The Centre has called upon public sector banks to take exemplary actions against loan defaulters so that people realise that they cannot hold on to public money because bank money is also meant for the common citizen.
“The banks will now have to enforce their rights in the larger interests of the economy because if money keeps lying blocked with one section, then your capacity to lend is adversely impacted,” Union Finance Minister Arun Jaitley said on Friday at a conference organised by the office of Comptroller & Auditor General of India. “A long rope has been given to people to sort matters out and the stage is now set for banks to take effective actions in some cases so that people realise that you cannot hold on to public money because bank money is also public money.”
Public sector banks’ officials, unlike their private sector counterparts, Mr. Jaitley said, were constrained in settling the current lot of non-performing assets (NPAs) by some of the provisions of the Prevention of Corruption Act, 1988.
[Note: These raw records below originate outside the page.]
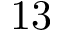Convert formula to latex. <formula><loc_0><loc_0><loc_500><loc_500>1 3</formula> 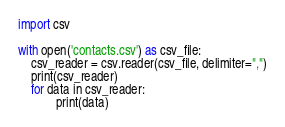<code> <loc_0><loc_0><loc_500><loc_500><_Python_>import csv

with open('contacts.csv') as csv_file:
    csv_reader = csv.reader(csv_file, delimiter=",")
    print(csv_reader)
    for data in csv_reader:
            print(data)
</code> 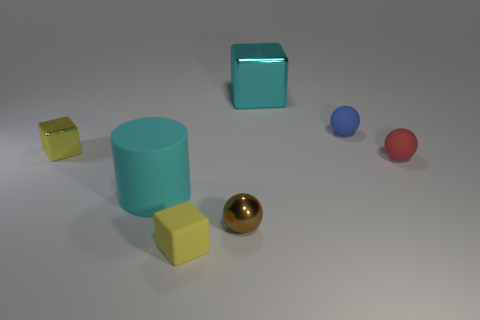Add 2 large cyan objects. How many objects exist? 9 Subtract all small cubes. How many cubes are left? 1 Subtract all green cylinders. How many yellow blocks are left? 2 Subtract all cylinders. How many objects are left? 6 Subtract all yellow cubes. How many cubes are left? 1 Subtract 0 brown cubes. How many objects are left? 7 Subtract 1 cubes. How many cubes are left? 2 Subtract all red cylinders. Subtract all gray balls. How many cylinders are left? 1 Subtract all green metal things. Subtract all tiny yellow metallic cubes. How many objects are left? 6 Add 1 tiny brown metal balls. How many tiny brown metal balls are left? 2 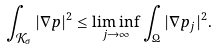Convert formula to latex. <formula><loc_0><loc_0><loc_500><loc_500>\int _ { { \mathcal { K } } _ { \sigma } } | \nabla p | ^ { 2 } \leq \liminf _ { j \rightarrow \infty } \int _ { \Omega } | \nabla p _ { j } | ^ { 2 } .</formula> 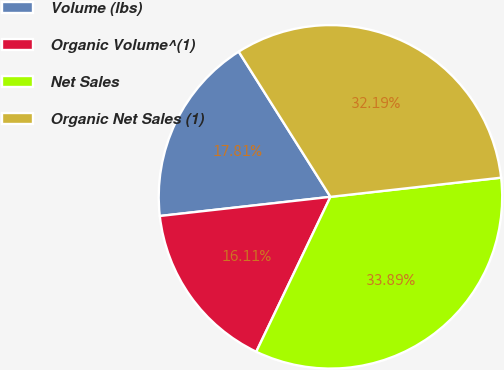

Since the Act was legislated three years before the liberalisation process started, the thought process that had gone in to it was of a regulated regime, he said.
“If we now closely scrutinise the provisions of that Act, it does not make a clear distinction between an erroneous decision and a corrupt decision… The corrupt decision must be punishable. The erroneous one can only give you a post-facto analysis so that the system is wiser by that analysis but may not attract criminal consequences,” he said.